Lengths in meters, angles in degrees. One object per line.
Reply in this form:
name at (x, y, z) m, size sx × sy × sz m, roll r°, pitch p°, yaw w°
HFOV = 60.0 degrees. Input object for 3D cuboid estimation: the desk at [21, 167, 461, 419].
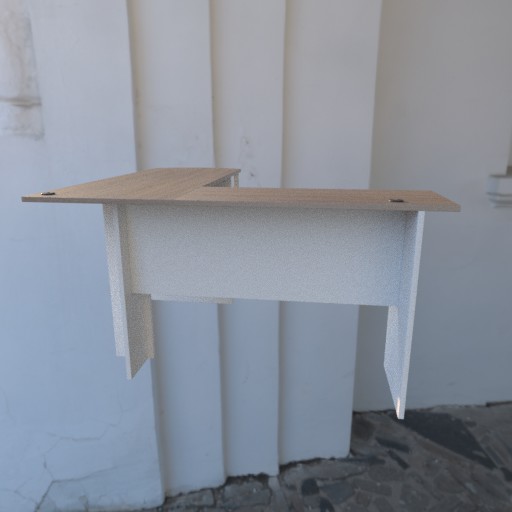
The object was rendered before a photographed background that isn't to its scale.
desk at (0.000, 0.000, 2.068) m, size 1.361 × 0.716 × 1.303 m, roll 2°, pitch 16°, yaw 8°

= = = =

Work order: Print the entries above exactly, taking out only the pictures.

Problem solution:
Lengths in meters, angles in degrees. One object per line.
Reply in this form:
name at (x, y, z) m, size sx × sy × sz m, roll r°, pitch p°, yaw w°
HFOV = 60.0 degrees. Input object for 3D cuboid estimation: the desk at [21, 167, 461, 419].
The object was rendered before a photographed background that isn't to its scale.
desk at (0.000, 0.000, 2.068) m, size 1.361 × 0.716 × 1.303 m, roll 2°, pitch 16°, yaw 8°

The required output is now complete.